Tuesday, September 28, 2004

Stand

This is the week and the day that I have been looking for my whole life. Do I have a husband? No, but that will come. Do I have a career? No, but that will come also. But what I do have is direction and a clue about where the future is going take me. I like the way it feels and I can't wait to figure it all out and put some of the still missing large pieces of my puzzle in place.

during a long conversation with Eric on Sunday night I gave an insight to him that in fact I needed to be giving myself yet I didn't take it to heart till a few hours later as I boarded a plane to head back to Indiana. "Just rest in the fact you know it will come." We always want God to show us the answers now not later. We don't want to stand and know that He is God and that He has all of this in His control and when it is time He and only He will show us what our future does in fact hold. It is hard to stand in one place and not know when we are to be moving forward again. Standing and waiting isn't easy for anyone and there are so many things that could get us distracted and then we forget that we were standing waiting on the direction and answers that we so desperately want to see now rather than later.

I stood before God since May of this year and wondered what in the world He had going on up there that I couldn't get a job and I couldn't seem to find direction in my life, then just a easily as I have paced spiritually wanting the answers now rather than later that I nearly missed them when they did finally start coming to me. There are so many different ways that this whole thing could turn out. Now my fear has become what if I'm wrong? What if I have simply convinced myself that this is what God wants for me? How do I make sure that I stay on the right path? Why do I feel so alone when I am standing in a room full of people? How do I deal with all of this? What about the person I love most? Will he support me? Will he follow me? Will I loose him forever? All these questions and I have no answers for them, none and now I must stand and wait on the final directions for this part of my life. This could change it all or it could make it all seem so much better than I ever expected.

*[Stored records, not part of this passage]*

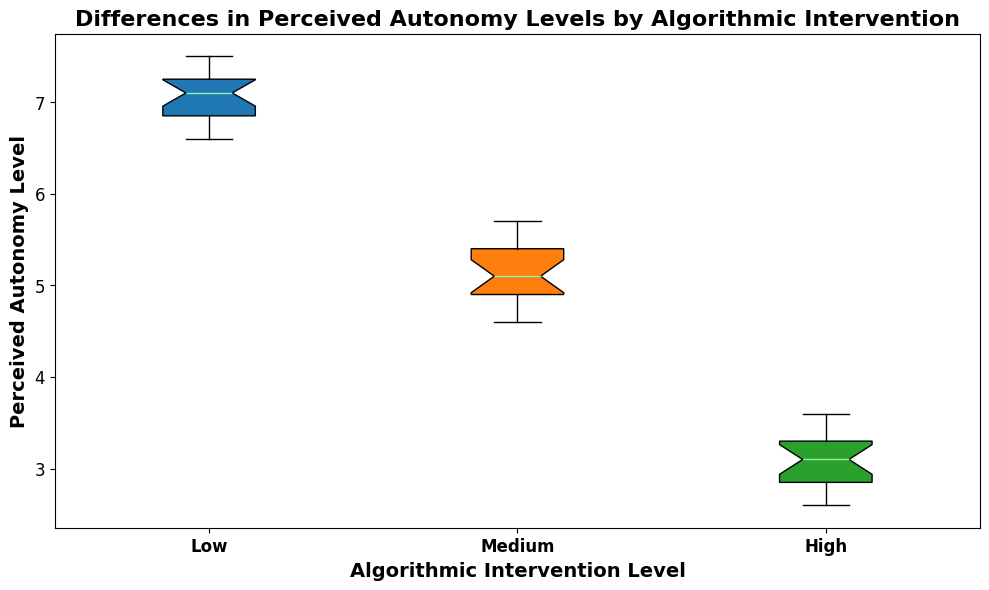What is the median perceived autonomy level for users with low algorithmic intervention? To find the median perceived autonomy level, look at the centerline inside the box plot for the 'Low' category. The median is visually represented by this line.
Answer: 7.1 Which algorithmic intervention level has the highest median perceived autonomy level? Compare the centerlines (medians) inside each box plot. The 'Low' category has the highest centerline compared to 'Medium' and 'High'.
Answer: Low Are the perceived autonomy levels for high algorithmic intervention more spread out than for low algorithmic intervention? Assess the interquartile range (IQR) by comparing the widths of the boxes. The 'High' category has a narrower box, indicating less spread in the data than the 'Low' category.
Answer: No What is the range of perceived autonomy levels for users with medium algorithmic intervention? The range is determined by subtracting the minimum value from the maximum value in the 'Medium' category. Examine the lowest and highest points (whiskers) in the 'Medium' category.
Answer: Approximately 4.6 to 5.7 Which algorithmic intervention level group has the smallest spread of perceived autonomy levels? The spread is visualized by the width of the boxplot. The 'High' category has the narrowest box, indicating the smallest spread.
Answer: High What is the difference between the median perceived autonomy levels of low and high algorithmic intervention groups? Find the centerlines (medians) for both 'Low' and 'High' groups, then subtract the median of 'High' from the median of 'Low'.
Answer: Approximately 4.0 How do the whiskers compare among the algorithmic intervention levels? Compare the lengths of the lines extending from the boxes (whiskers). The 'Low' category has longer whiskers, indicating a wider range of data compared to 'Medium' and 'High'.
Answer: Longer for Low category Which category has the lowest minimum perceived autonomy level, and what is its value? Look at the lowest point (whisker) for each category. The 'High' category has the lowest minimum compared to 'Low' and 'Medium'.
Answer: High, approximately 2.6 What is the interquartile range (IQR) for the high algorithmic intervention group? The IQR is the range between the 25th percentile and the 75th percentile. Observe the space between the bottom and top edges of the box for the 'High' category.
Answer: Approximately 0.5 
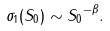<formula> <loc_0><loc_0><loc_500><loc_500>\sigma _ { 1 } ( S _ { 0 } ) \sim { S _ { 0 } } ^ { - \beta } .</formula> 
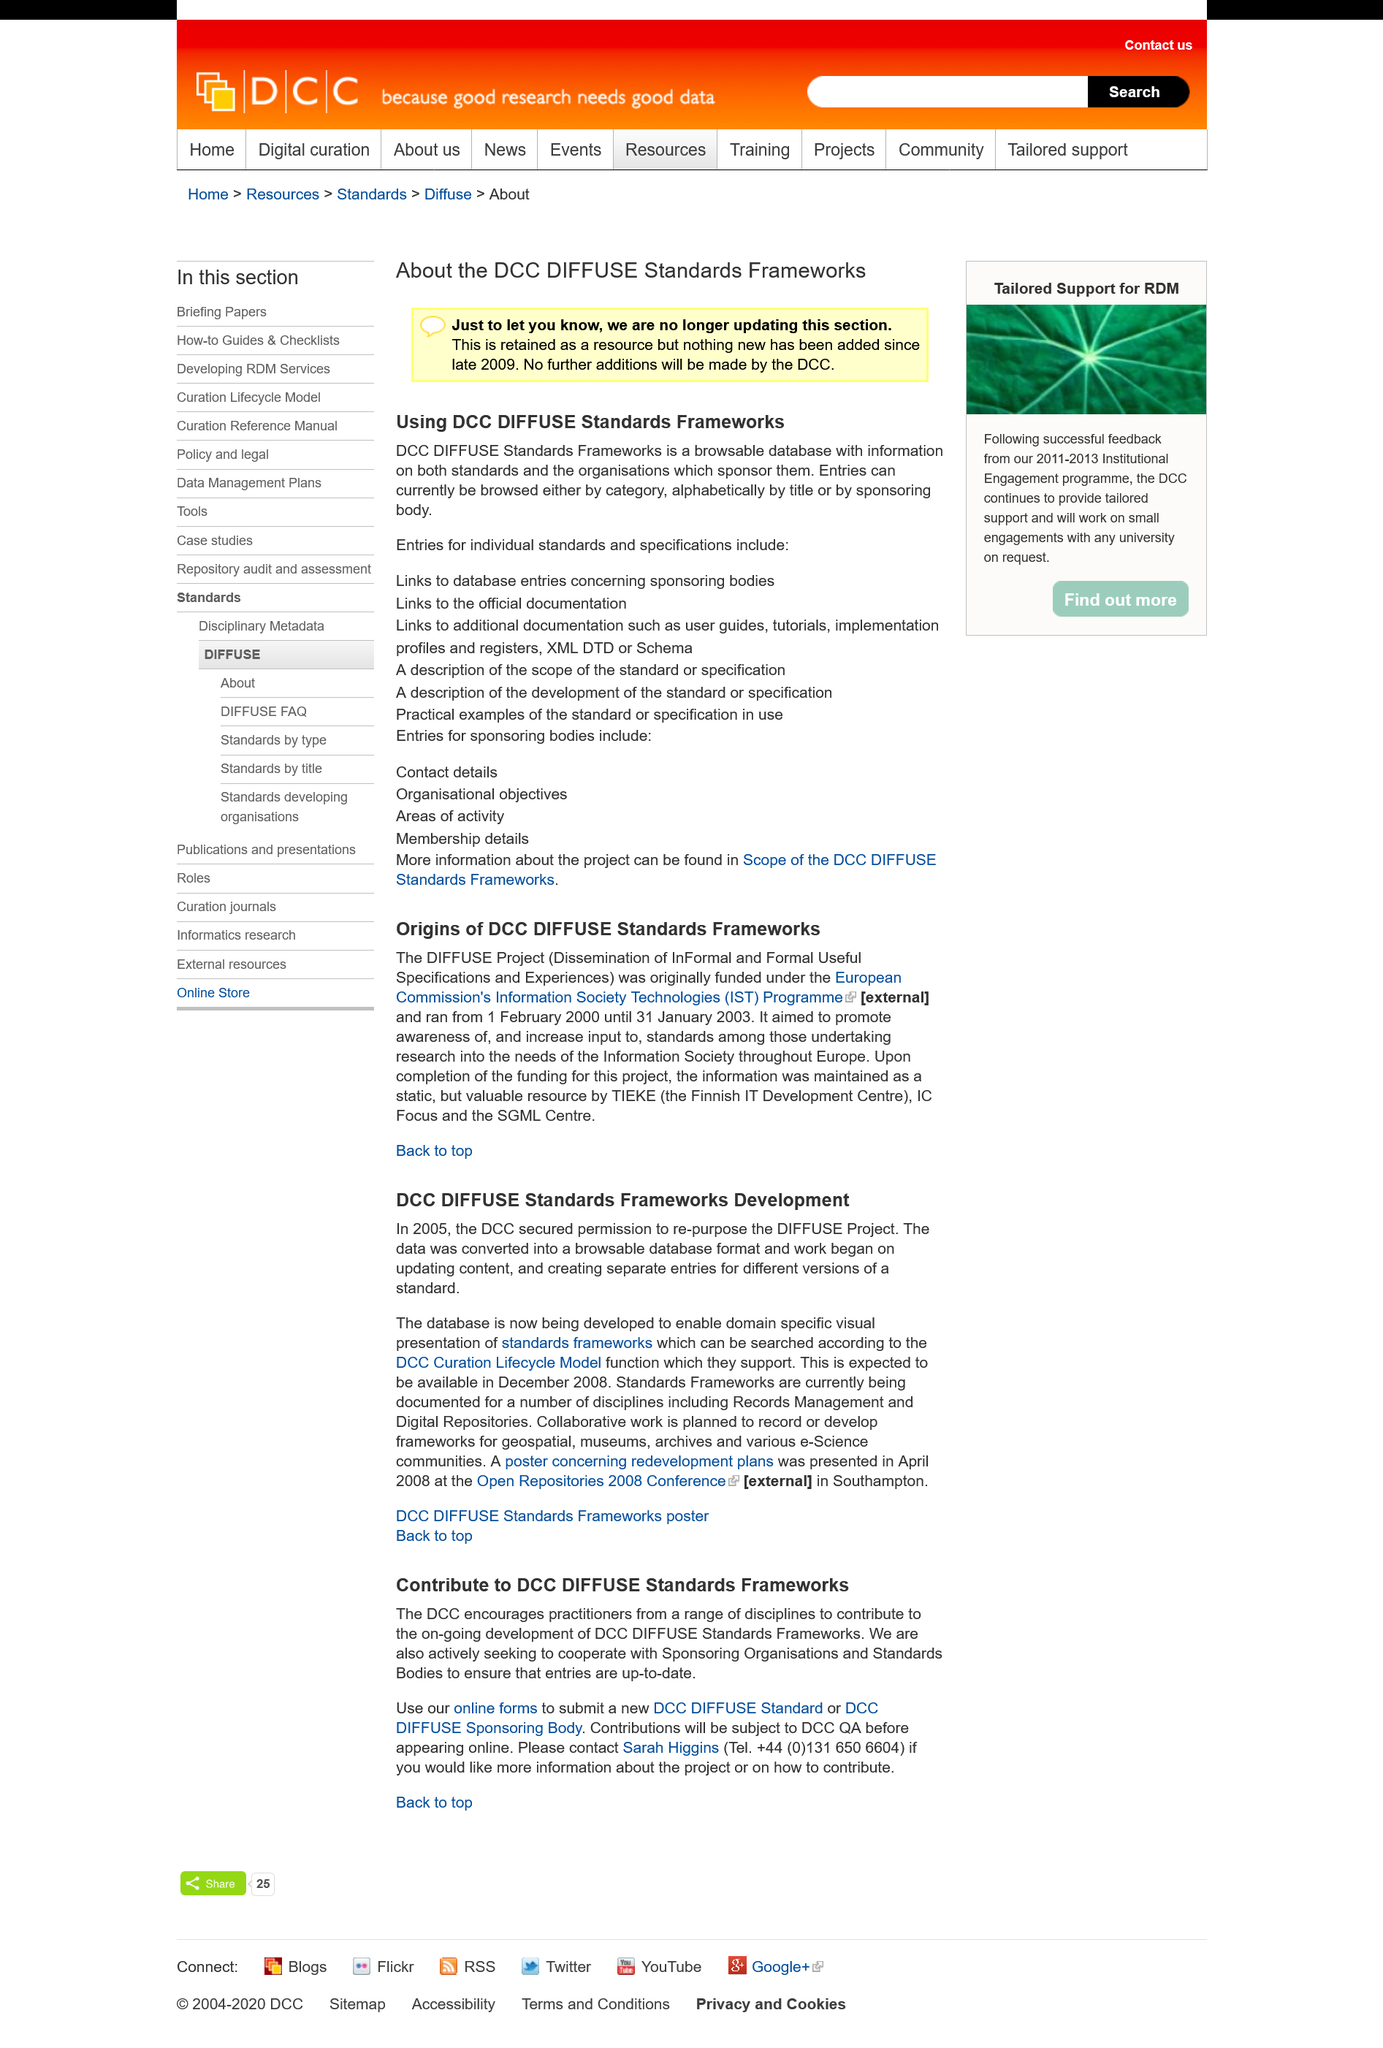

Standing and waiting for confirmation from God is a lot like flying standby. When you get the booth and pray with everything you have that the flight you need to board isn't full and there will be a seat there for you? You wait for the man behind the counter to read your name and tell you that there is a seat there for you and you can proceed to your next destination. Now I stand at that counter and wait...Hoping, praying, crying, pleading, to hear my name as list of passengers for the next stop are read slowly. I stand with my arms uplifted wanting to hear that final confirmation.